Later that evening, after the parade, Jo went to help Aunt Lily in the basement of the lodge. Aunt Lily’s research specialty was irregular contraptions, and her workroom was ankle deep with experimental mechanisms, dissected machines, and the tangled guts of a hundred scavenged appliances. Crowded shelves loomed on every wall, loaded down with gears, spindles, homemade batteries, and bottles stuffed with nails and bolts and wires.
It was just before dinner. Sir Alasdair was practicing his urk-ack upstairs, and every so often, whenever Jo and Aunt Lily stopped hammering, drilling, and sawing, they could hear the mellow tones of the urk-ack linger in the early evening air as squires’ feet pounded up and down the stairs and distant shouts and laughs erupted in different parts of the lodge.
Jo was helping Aunt Lily tinker with the Inconvenience. It was complicated work, and for long stretches they didn’t talk, but it was a comfortable silence. Jo enjoyed working with Aunt Lily. Back at the ruby palace, Aunt Lily had been mildly content but often distracted, as though there was something she felt she should’ve been doing but didn’t quite know what. Now she knew, and threw herself into it with a vengeance, sometimes working in the workroom al
l day and night, having her meals sent down to her, even sleeping on the cot. From what Jo could tell, it seemed Aunt Lily was using the broken pieces of the Inconvenience, along with some new parts, to build a completely different contraption—the purpose of which Jo couldn’t guess.
After a while Aunt Lily said, “I read your article in the Snitch. It was well written.”
“Thanks,” said Jo. “It was nothing much, really….”
“I agree,” said Aunt Lily. “You shouldn’t spend too much time on that kind of thing. You should be out raising hell. I was happier to hear about your exploits in Snoodsbottom…the Wormbeards were splendidly humiliated.”

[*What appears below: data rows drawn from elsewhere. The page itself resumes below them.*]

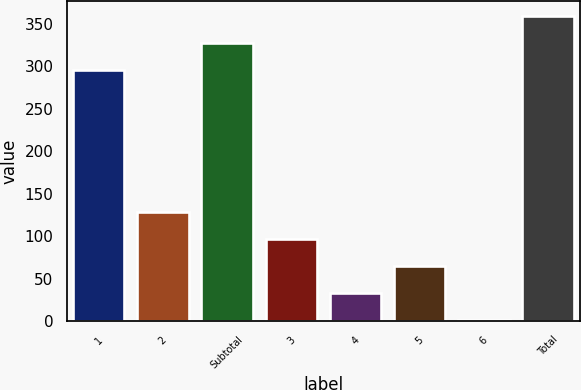Convert chart. <chart><loc_0><loc_0><loc_500><loc_500><bar_chart><fcel>1<fcel>2<fcel>Subtotal<fcel>3<fcel>4<fcel>5<fcel>6<fcel>Total<nl><fcel>295<fcel>128.77<fcel>326.87<fcel>96.9<fcel>33.16<fcel>65.03<fcel>1.29<fcel>358.74<nl></chart> 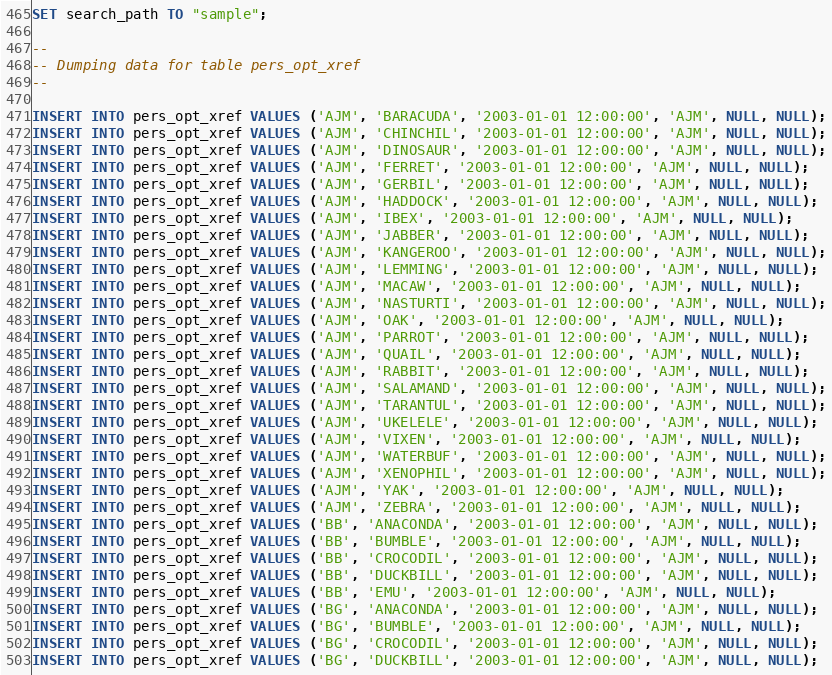<code> <loc_0><loc_0><loc_500><loc_500><_SQL_>SET search_path TO "sample";

-- 
-- Dumping data for table pers_opt_xref
-- 

INSERT INTO pers_opt_xref VALUES ('AJM', 'BARACUDA', '2003-01-01 12:00:00', 'AJM', NULL, NULL);
INSERT INTO pers_opt_xref VALUES ('AJM', 'CHINCHIL', '2003-01-01 12:00:00', 'AJM', NULL, NULL);
INSERT INTO pers_opt_xref VALUES ('AJM', 'DINOSAUR', '2003-01-01 12:00:00', 'AJM', NULL, NULL);
INSERT INTO pers_opt_xref VALUES ('AJM', 'FERRET', '2003-01-01 12:00:00', 'AJM', NULL, NULL);
INSERT INTO pers_opt_xref VALUES ('AJM', 'GERBIL', '2003-01-01 12:00:00', 'AJM', NULL, NULL);
INSERT INTO pers_opt_xref VALUES ('AJM', 'HADDOCK', '2003-01-01 12:00:00', 'AJM', NULL, NULL);
INSERT INTO pers_opt_xref VALUES ('AJM', 'IBEX', '2003-01-01 12:00:00', 'AJM', NULL, NULL);
INSERT INTO pers_opt_xref VALUES ('AJM', 'JABBER', '2003-01-01 12:00:00', 'AJM', NULL, NULL);
INSERT INTO pers_opt_xref VALUES ('AJM', 'KANGEROO', '2003-01-01 12:00:00', 'AJM', NULL, NULL);
INSERT INTO pers_opt_xref VALUES ('AJM', 'LEMMING', '2003-01-01 12:00:00', 'AJM', NULL, NULL);
INSERT INTO pers_opt_xref VALUES ('AJM', 'MACAW', '2003-01-01 12:00:00', 'AJM', NULL, NULL);
INSERT INTO pers_opt_xref VALUES ('AJM', 'NASTURTI', '2003-01-01 12:00:00', 'AJM', NULL, NULL);
INSERT INTO pers_opt_xref VALUES ('AJM', 'OAK', '2003-01-01 12:00:00', 'AJM', NULL, NULL);
INSERT INTO pers_opt_xref VALUES ('AJM', 'PARROT', '2003-01-01 12:00:00', 'AJM', NULL, NULL);
INSERT INTO pers_opt_xref VALUES ('AJM', 'QUAIL', '2003-01-01 12:00:00', 'AJM', NULL, NULL);
INSERT INTO pers_opt_xref VALUES ('AJM', 'RABBIT', '2003-01-01 12:00:00', 'AJM', NULL, NULL);
INSERT INTO pers_opt_xref VALUES ('AJM', 'SALAMAND', '2003-01-01 12:00:00', 'AJM', NULL, NULL);
INSERT INTO pers_opt_xref VALUES ('AJM', 'TARANTUL', '2003-01-01 12:00:00', 'AJM', NULL, NULL);
INSERT INTO pers_opt_xref VALUES ('AJM', 'UKELELE', '2003-01-01 12:00:00', 'AJM', NULL, NULL);
INSERT INTO pers_opt_xref VALUES ('AJM', 'VIXEN', '2003-01-01 12:00:00', 'AJM', NULL, NULL);
INSERT INTO pers_opt_xref VALUES ('AJM', 'WATERBUF', '2003-01-01 12:00:00', 'AJM', NULL, NULL);
INSERT INTO pers_opt_xref VALUES ('AJM', 'XENOPHIL', '2003-01-01 12:00:00', 'AJM', NULL, NULL);
INSERT INTO pers_opt_xref VALUES ('AJM', 'YAK', '2003-01-01 12:00:00', 'AJM', NULL, NULL);
INSERT INTO pers_opt_xref VALUES ('AJM', 'ZEBRA', '2003-01-01 12:00:00', 'AJM', NULL, NULL);
INSERT INTO pers_opt_xref VALUES ('BB', 'ANACONDA', '2003-01-01 12:00:00', 'AJM', NULL, NULL);
INSERT INTO pers_opt_xref VALUES ('BB', 'BUMBLE', '2003-01-01 12:00:00', 'AJM', NULL, NULL);
INSERT INTO pers_opt_xref VALUES ('BB', 'CROCODIL', '2003-01-01 12:00:00', 'AJM', NULL, NULL);
INSERT INTO pers_opt_xref VALUES ('BB', 'DUCKBILL', '2003-01-01 12:00:00', 'AJM', NULL, NULL);
INSERT INTO pers_opt_xref VALUES ('BB', 'EMU', '2003-01-01 12:00:00', 'AJM', NULL, NULL);
INSERT INTO pers_opt_xref VALUES ('BG', 'ANACONDA', '2003-01-01 12:00:00', 'AJM', NULL, NULL);
INSERT INTO pers_opt_xref VALUES ('BG', 'BUMBLE', '2003-01-01 12:00:00', 'AJM', NULL, NULL);
INSERT INTO pers_opt_xref VALUES ('BG', 'CROCODIL', '2003-01-01 12:00:00', 'AJM', NULL, NULL);
INSERT INTO pers_opt_xref VALUES ('BG', 'DUCKBILL', '2003-01-01 12:00:00', 'AJM', NULL, NULL);</code>

Jo put her tools down. “You know about that?”
Aunt Lily smiled. “Please, Jo, I’m not stupid! Just because you and Ian escaped doesn’t mean you weren’t seen. But there’s nothing the police can do now. It was embarrassing for the Wormbeards, and that’s the important thing…oh, they’re hopping mad!”
“So you’re not angry about it?”
“I’m delighted! You’re in training to be a knight, not a Girl Scout. I’d be disappointed if you didn’t make some good enemies. It keeps you sharp.”

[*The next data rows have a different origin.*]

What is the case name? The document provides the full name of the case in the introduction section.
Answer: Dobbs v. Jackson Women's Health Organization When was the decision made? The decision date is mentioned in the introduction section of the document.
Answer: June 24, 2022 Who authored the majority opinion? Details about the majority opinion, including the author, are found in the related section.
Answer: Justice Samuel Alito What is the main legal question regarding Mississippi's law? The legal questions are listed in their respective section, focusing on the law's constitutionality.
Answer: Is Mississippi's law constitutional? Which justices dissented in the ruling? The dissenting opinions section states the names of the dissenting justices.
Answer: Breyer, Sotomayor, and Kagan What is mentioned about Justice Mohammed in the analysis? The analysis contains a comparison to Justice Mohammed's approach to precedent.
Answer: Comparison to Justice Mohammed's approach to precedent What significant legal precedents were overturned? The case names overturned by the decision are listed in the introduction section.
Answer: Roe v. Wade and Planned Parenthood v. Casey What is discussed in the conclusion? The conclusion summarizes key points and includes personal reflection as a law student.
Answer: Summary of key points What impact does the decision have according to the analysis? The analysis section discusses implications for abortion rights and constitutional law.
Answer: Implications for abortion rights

“You’re telling me I should get in trouble?” said Jo.
“I should hope you’re clever enough to stay out of trouble, but there’s more to being a knight of the Odd-Fish than researching the Appendix. The first duty of a knight is to defend the city if it’s attacked. If you don’t know how to fight, you won’t be much use.”
“So you want me to go out and brawl with the Wormbeards?”
“Brawl is not the word,” said Aunt Lily. “Having an enemy is a delicate art. It demands dedication and a certain style. If you handle it right, it can even be good for you. I’ve learned just as much from our rivalry with the Wormbeards as I have from making friends with the Odd-Fish. You learn how to fight back.”
Jo said, “That all sounds grand, but I still don’t want an enemy.”